# REW not recognising USB Midi cable



## Guest (May 2, 2007)

Hi.
I have an FBQ2496 and am trying to use REW to update it over the midi connection.
I have a no brand USB/Midi cable which installed using the windows XP drivers (Dated 2001?).

If I look in device manager (Sound, Video, Game Section) the cable is listed and shows as working.
If I look at the midi section of the driver the Enable box is ticked.

When I go to the comms settings in REW the cable is not listed. Have tried unplugging, restarting REW etc but nothing works.
Have tried on a desktop and laptop both running XP.

Is it maybe possible that the cable is incompatible?

Also not sure if the midi connector needs to be connected to the BFD before REW registers the cable? Although I did try this it didn't make any difference.

Am programming manually at the moment but would be nice to get this working  
Cheers
Gary


----------



## Hakka (Sep 10, 2006)

The cables need to be connected up before you start REW or it wont appear in comms menu. Sounds like your midi/usb cable might be the culprit, most people here are using the Edirol units.

http://search.ebay.com/search/search.dll?sofocus=**&sbrftog=1&from=R10&satitle=edirol+um&sacat=-1%26catref%3DC6&sargn=-1%26saslc%3D2&sadis=200&fpos=ZIP%2FPostal&ftrt=1&ftrv=1&saprclo=&saprchi=&fsop=1&fsoo=1


----------



## Guest (May 2, 2007)

Thanks for the info.
Didn't realise that there might be compatibility problems with the cables.

I suppose the cable might be faulty but I don't have anything else to try it with.

I'll have to decide whether to invest another fistful of cash on an Edirol cable :scratchhead: 

Suppose an alternative might be an external soundcard that has a midi port?
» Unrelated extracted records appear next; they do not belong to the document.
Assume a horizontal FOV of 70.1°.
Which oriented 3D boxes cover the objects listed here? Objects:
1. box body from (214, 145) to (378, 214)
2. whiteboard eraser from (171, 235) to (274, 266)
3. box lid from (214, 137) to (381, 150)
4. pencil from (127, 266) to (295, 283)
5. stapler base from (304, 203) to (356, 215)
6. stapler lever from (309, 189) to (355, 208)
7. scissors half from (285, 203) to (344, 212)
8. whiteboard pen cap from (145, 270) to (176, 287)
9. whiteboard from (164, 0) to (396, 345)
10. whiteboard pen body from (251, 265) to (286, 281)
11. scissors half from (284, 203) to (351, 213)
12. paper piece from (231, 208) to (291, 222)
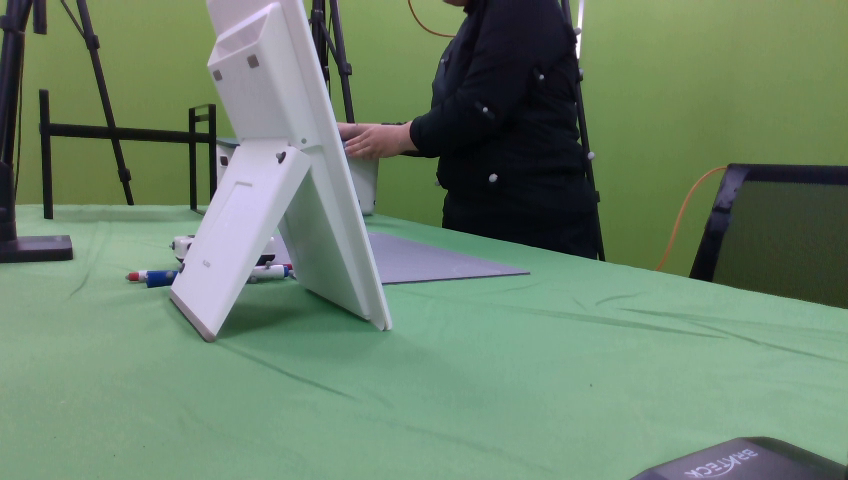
[{"bbox_3d":[-0.328,-0.154,1.543,0.366,0.160,0.253,-2,9,-32],"label":"box body"},{"bbox_3d":[-0.248,0.014,0.747,0.113,0.042,0.055,-1,9,-32],"label":"whiteboard eraser"},{"bbox_3d":[-0.321,-0.241,1.518,0.373,0.015,0.262,-4,13,-28],"label":"box lid"},{"bbox_3d":[-0.231,0.037,0.691,0.195,0.012,0.012,-2,9,-34],"label":"pencil"},{"bbox_3d":[-0.234,-0.081,1.511,0.131,0.024,0.041,5,16,-35],"label":"stapler base"},{"bbox_3d":[-0.228,-0.104,1.507,0.119,0.040,0.026,3,17,-35],"label":"stapler lever"},{"bbox_3d":[-0.280,-0.081,1.552,0.040,0.013,0.176,1,9,45],"label":"scissors half"},{"bbox_3d":[-0.271,0.039,0.627,0.033,0.018,0.018,-3,10,-33],"label":"whiteboard pen cap"},{"bbox_3d":[-0.173,-0.053,0.511,0.144,0.305,0.216,-23,19,-26],"label":"whiteboard"},{"bbox_3d":[-0.220,0.039,0.656,0.141,0.017,0.017,-2,9,-30],"label":"whiteboard pen body"},{"bbox_3d":[-0.268,-0.079,1.535,0.176,0.013,0.040,-7,12,-23],"label":"scissors half"},{"bbox_3d":[-0.395,-0.061,1.461,0.139,0.008,0.135,13,-3,-22],"label":"paper piece"}]
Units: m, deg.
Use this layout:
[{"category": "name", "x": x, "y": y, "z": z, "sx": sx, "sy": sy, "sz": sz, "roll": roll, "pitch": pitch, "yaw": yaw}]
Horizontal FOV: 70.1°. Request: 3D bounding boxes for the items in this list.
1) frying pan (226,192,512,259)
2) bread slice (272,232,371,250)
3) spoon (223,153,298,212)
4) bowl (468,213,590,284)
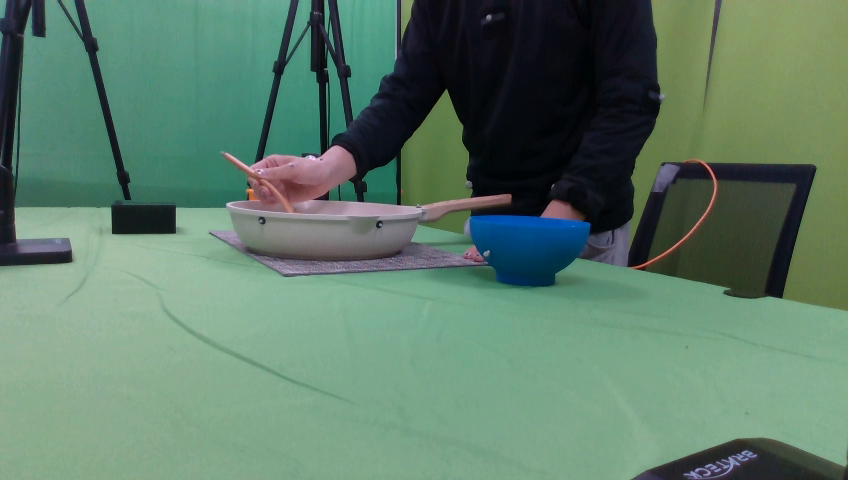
[{"category": "frying pan", "x": -0.058, "y": -0.041, "z": 0.974, "sx": 0.490, "sy": 0.102, "sz": 0.305, "roll": -11, "pitch": 13, "yaw": -26}, {"category": "bread slice", "x": -0.148, "y": 0.001, "z": 0.928, "sx": 0.133, "sy": 0.018, "sz": 0.107, "roll": 5, "pitch": 6, "yaw": 38}, {"category": "spoon", "x": -0.227, "y": -0.072, "z": 0.901, "sx": 0.193, "sy": 0.021, "sz": 0.042, "roll": 42, "pitch": 15, "yaw": 9}, {"category": "bowl", "x": 0.128, "y": 0.011, "z": 0.755, "sx": 0.151, "sy": 0.077, "sz": 0.151, "roll": 2, "pitch": 7, "yaw": 0}]

Anyone know if these exist?


----------



## Otto (May 18, 2006)

Hi gmoorc,

So did you ever get the USB to MIDI thing to show up in REW? Did you try swapping the "in" and "out" cables?


----------



## Guest (May 2, 2007)

Hi Otto.
I'm going to give it another go when I get back from work (Only 3 hours to go !). Just to make sure I'm going to be methodical for a change 
I will do it in this order:

1. Connect usb plug to PC and midi in plug to midi In socket of BFD
2. Switch on PC
3. Switch on BFD
4. Open REW and go to settings to see if Midi cable is recognised.
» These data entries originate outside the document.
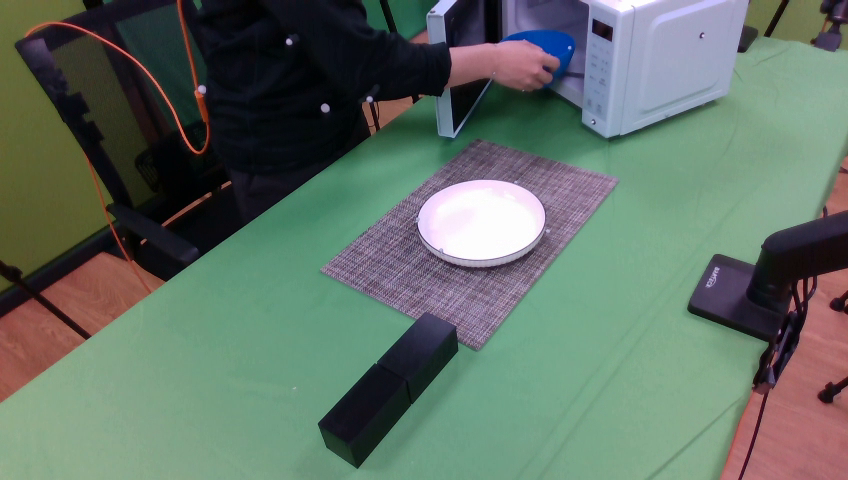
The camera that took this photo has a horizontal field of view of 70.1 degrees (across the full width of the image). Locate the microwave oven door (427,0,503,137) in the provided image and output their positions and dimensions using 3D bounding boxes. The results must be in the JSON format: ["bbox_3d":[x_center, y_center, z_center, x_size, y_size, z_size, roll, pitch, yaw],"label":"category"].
[{"bbox_3d":[0.095,-0.407,1.235,0.039,0.245,0.356,10,44,20],"label":"microwave oven door"}]

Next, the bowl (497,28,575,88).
[{"bbox_3d":[0.220,-0.355,1.201,0.151,0.077,0.150,-2,40,2],"label":"bowl"}]

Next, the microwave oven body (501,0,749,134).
[{"bbox_3d":[0.382,-0.444,1.246,0.327,0.261,0.437,-22,42,-16],"label":"microwave oven body"}]

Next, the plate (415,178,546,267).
[{"bbox_3d":[0.091,-0.026,0.970,0.207,0.039,0.206,-4,41,4],"label":"plate"}]

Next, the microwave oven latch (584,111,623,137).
[{"bbox_3d":[0.337,-0.222,1.142,0.030,0.029,0.078,-21,42,-14],"label":"microwave oven latch"}]
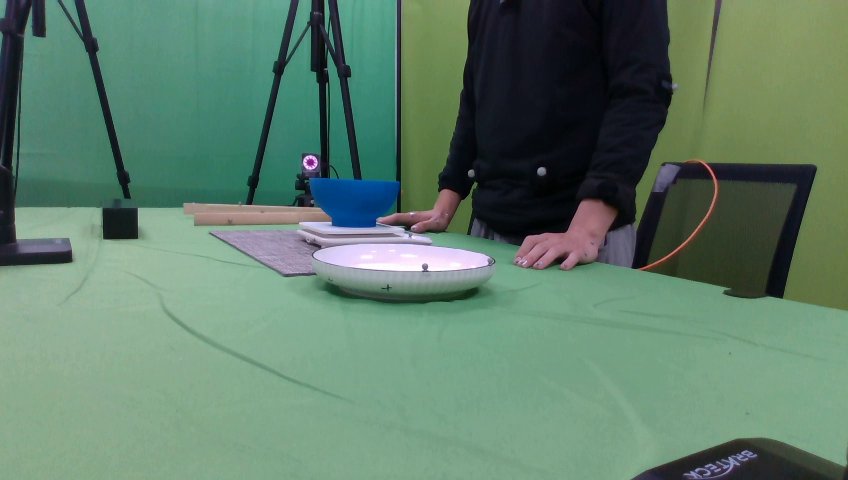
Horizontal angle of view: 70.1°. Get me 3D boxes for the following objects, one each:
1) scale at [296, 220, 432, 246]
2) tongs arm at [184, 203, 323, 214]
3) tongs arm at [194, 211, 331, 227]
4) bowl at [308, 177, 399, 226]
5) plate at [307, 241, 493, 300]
[{"bbox_3d":[-0.101,-0.012,1.017,0.202,0.031,0.148,-1,8,-30],"label":"scale"},{"bbox_3d":[-0.337,-0.065,1.377,0.387,0.026,0.050,0,10,-25],"label":"tongs arm"},{"bbox_3d":[-0.298,-0.049,1.308,0.390,0.028,0.028,-4,8,-38],"label":"tongs arm"},{"bbox_3d":[-0.117,-0.064,1.001,0.151,0.077,0.151,2,6,0],"label":"bowl"},{"bbox_3d":[-0.027,0.034,0.684,0.208,0.039,0.207,2,7,0],"label":"plate"}]
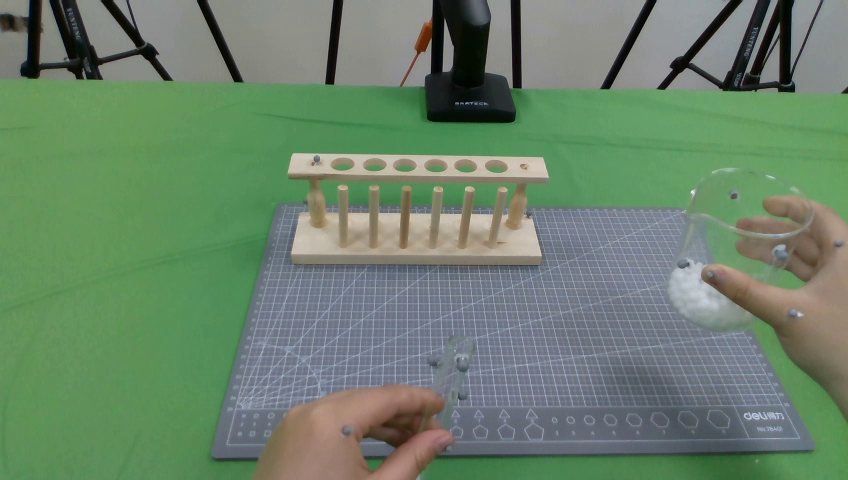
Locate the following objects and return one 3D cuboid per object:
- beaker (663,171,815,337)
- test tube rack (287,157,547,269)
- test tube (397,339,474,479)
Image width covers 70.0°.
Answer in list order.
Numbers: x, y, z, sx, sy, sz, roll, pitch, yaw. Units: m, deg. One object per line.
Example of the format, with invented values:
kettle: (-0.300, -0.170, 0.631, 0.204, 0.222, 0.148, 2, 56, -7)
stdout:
beaker: (0.214, 0.014, 0.431, 0.084, 0.101, 0.073, -5, 41, -3)
test tube rack: (-0.007, -0.025, 0.587, 0.242, 0.086, 0.066, 1, 41, -3)
test tube: (0.001, 0.119, 0.354, 0.017, 0.151, 0.017, 13, 29, -7)
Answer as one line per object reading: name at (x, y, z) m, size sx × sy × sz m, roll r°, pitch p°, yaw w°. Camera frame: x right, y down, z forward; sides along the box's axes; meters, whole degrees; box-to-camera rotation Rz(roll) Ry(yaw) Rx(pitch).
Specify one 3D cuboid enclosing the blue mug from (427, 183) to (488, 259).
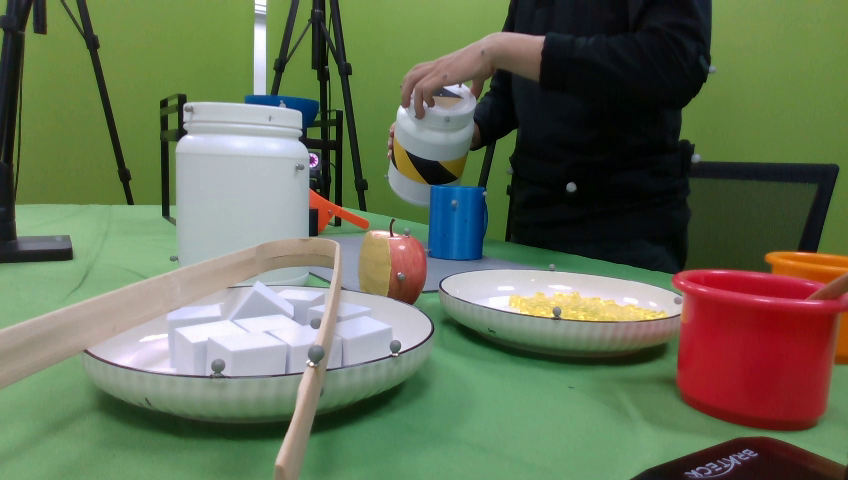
blue mug at (0.059, -0.031, 0.907) m, size 0.082 × 0.106 × 0.117 m, roll 9°, pitch 10°, yaw 42°

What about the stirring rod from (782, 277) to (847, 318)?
stirring rod at (0.344, 0.019, 0.461) m, size 0.014 × 0.006 × 0.176 m, roll -13°, pitch -27°, yaw -30°

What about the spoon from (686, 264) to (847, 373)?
spoon at (0.215, 0.032, 0.328) m, size 0.042 × 0.021 × 0.193 m, roll -3°, pitch -35°, yaw -26°

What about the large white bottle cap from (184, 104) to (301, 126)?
large white bottle cap at (-0.184, -0.126, 0.618) m, size 0.115 × 0.018 × 0.115 m, roll 2°, pitch 8°, yaw 0°

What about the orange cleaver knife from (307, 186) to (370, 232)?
orange cleaver knife at (-0.197, -0.056, 1.141) m, size 0.212 × 0.077 × 0.012 m, roll 29°, pitch 0°, yaw -35°

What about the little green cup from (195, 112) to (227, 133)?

If it doesn't work I will:

1. Close REW
2. Connect midi out plug to midi in socket of BFD
3. Open REW and check.

I'll let you know how I get on.

Let me know if I'm missing anything above!

Gary


----------



## JohnM (Apr 11, 2006)

For the Midi interface to be recognised it doesn't matter whether or not the Midi cables are connected to a BFD or other Midi device, just needs the USB connection. REW only checks for Midi interfaces on startup, so the interface needs to be connected to the PC before starting REW. Are you running XP or Vista? What version of Java do you have installed? (Can check this via the About button in the Java item in the Windows Control Panel).


----------



## Guest (May 2, 2007)

Hi John.
Running XP and Java Version 1.5.0 (build 1.5.0_11-b03)

Cable is connected to PC and registered in device manager before starting REW but still no joy.


----------



## JohnM (Apr 11, 2006)

Bit odd then. REW should list it if its driver reports that it provides a Midi output. Can't really see there's much else you can do besides try a different interface.


----------



## Guest (May 2, 2007)

:jump: 

With a bit of good fortune and google I have managed to sort it.
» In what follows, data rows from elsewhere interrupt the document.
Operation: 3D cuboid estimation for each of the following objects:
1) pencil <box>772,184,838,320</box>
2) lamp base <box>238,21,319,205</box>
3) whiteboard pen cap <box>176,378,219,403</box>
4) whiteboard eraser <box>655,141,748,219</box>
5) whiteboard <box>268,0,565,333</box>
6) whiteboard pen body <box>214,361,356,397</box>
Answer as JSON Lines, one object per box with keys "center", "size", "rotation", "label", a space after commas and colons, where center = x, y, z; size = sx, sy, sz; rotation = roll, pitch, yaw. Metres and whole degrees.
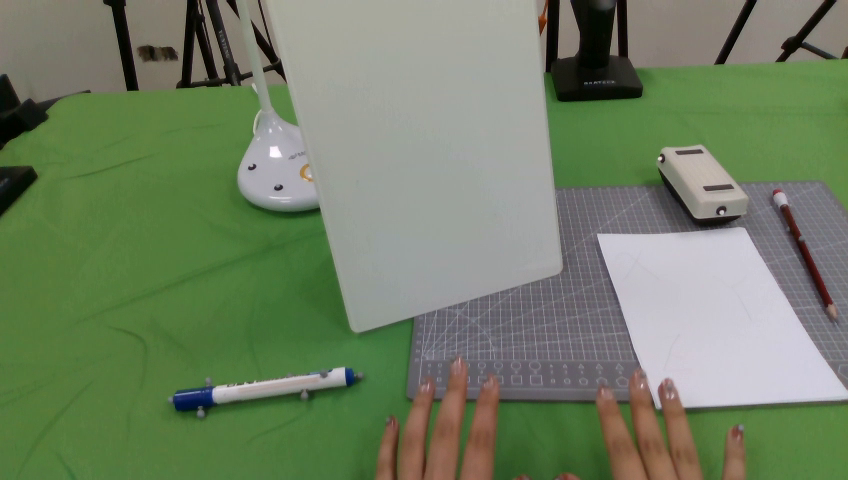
{"center": [0.374, 0.005, 0.596], "size": [0.012, 0.012, 0.192], "rotation": [2, 42, 10], "label": "pencil"}
{"center": [-0.167, -0.158, 0.719], "size": [0.160, 0.182, 0.177], "rotation": [-35, 46, -30], "label": "lamp base"}
{"center": [-0.189, 0.126, 0.509], "size": [0.033, 0.018, 0.018], "rotation": [-8, 40, -2], "label": "whiteboard pen cap"}
{"center": [0.300, -0.066, 0.662], "size": [0.055, 0.042, 0.111], "rotation": [-7, 40, -1], "label": "whiteboard eraser"}
{"center": [-0.006, -0.102, 0.583], "size": [0.217, 0.307, 0.142], "rotation": [-15, 22, -10], "label": "whiteboard"}
{"center": [-0.128, 0.119, 0.513], "size": [0.141, 0.017, 0.017], "rotation": [-7, 40, -2], "label": "whiteboard pen body"}
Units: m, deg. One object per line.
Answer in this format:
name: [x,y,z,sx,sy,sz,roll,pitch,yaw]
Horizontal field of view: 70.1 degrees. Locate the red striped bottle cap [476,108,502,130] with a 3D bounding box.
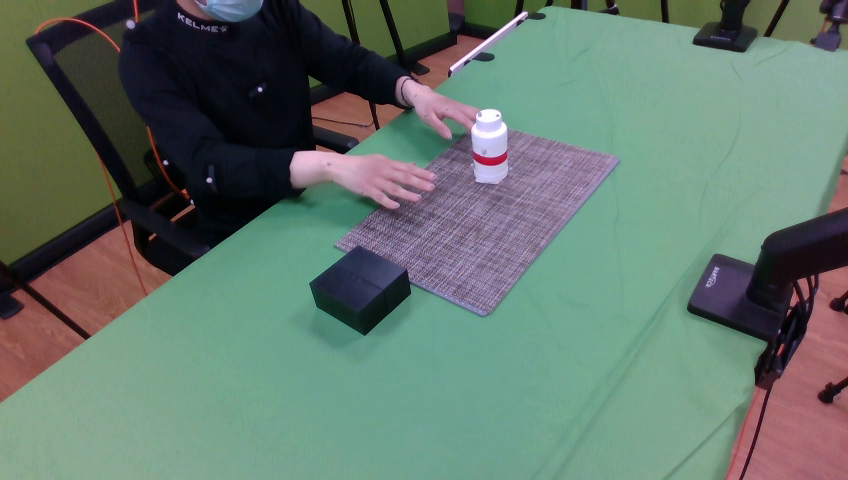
red striped bottle cap: [0.110,-0.206,1.030,0.044,0.018,0.044,-5,44,5]

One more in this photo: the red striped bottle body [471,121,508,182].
red striped bottle body: [0.116,-0.167,1.064,0.063,0.120,0.062,-4,41,4]
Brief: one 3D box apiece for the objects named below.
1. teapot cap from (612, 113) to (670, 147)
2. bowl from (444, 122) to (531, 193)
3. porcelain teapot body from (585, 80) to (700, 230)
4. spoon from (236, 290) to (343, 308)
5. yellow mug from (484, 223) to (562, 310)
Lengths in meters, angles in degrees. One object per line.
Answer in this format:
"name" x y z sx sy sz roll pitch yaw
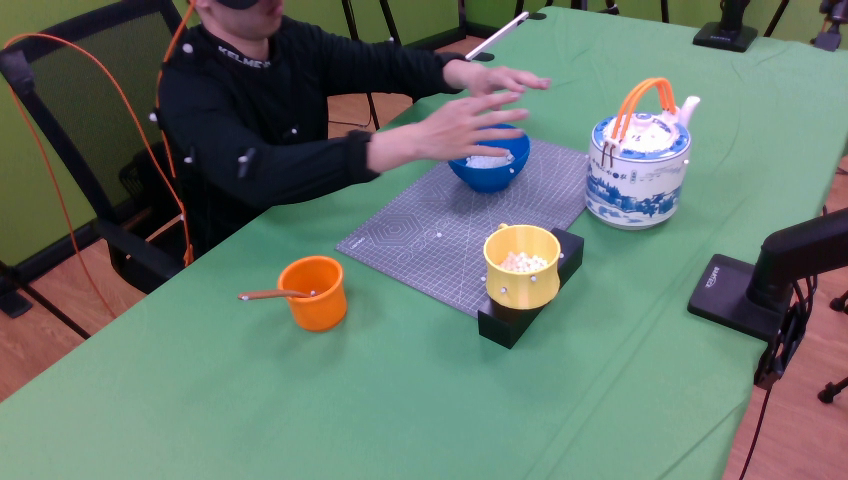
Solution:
"teapot cap" 0.323 -0.166 0.900 0.085 0.044 0.085 -3 38 3
"bowl" 0.112 -0.136 1.064 0.151 0.077 0.150 -4 41 4
"porcelain teapot body" 0.350 -0.149 0.936 0.206 0.226 0.144 -30 45 -25
"spoon" -0.176 0.076 0.808 0.041 0.195 0.021 23 93 30
"yellow mug" 0.126 0.025 0.811 0.100 0.064 0.130 -16 39 -9

I was uninstalling and reinstalling the drivers when I noticed that in device manager it briefly came up with Viewcon before changing to "USB Audio Device"

Did a google for "viewcon midi" which came up with an entry on the logitech forums where someone had installed logitech camera drivers.

The driver install broke his USB midi install although it still looked OK in device manager.

Just uninstalled my logitech drivers and I now get "USB Audio Device" and "USB Audio Device 2" in REW.

Just need to work out if it matters which one of these I use? I assume one is the input and one the output?

Gary

:jump:


----------



## JohnM (Apr 11, 2006)

REW V4 only shows Midi output devices, but that can include Midi soundbanks and synths with some drivers. Try the first one listed, and if it doesn't work try the second


----------



## Guest (May 2, 2007)

Thanks John.
Am planning to give it a go at the weekend when I can get a chunk of time free.

I'm assuming it's going to take a while


----------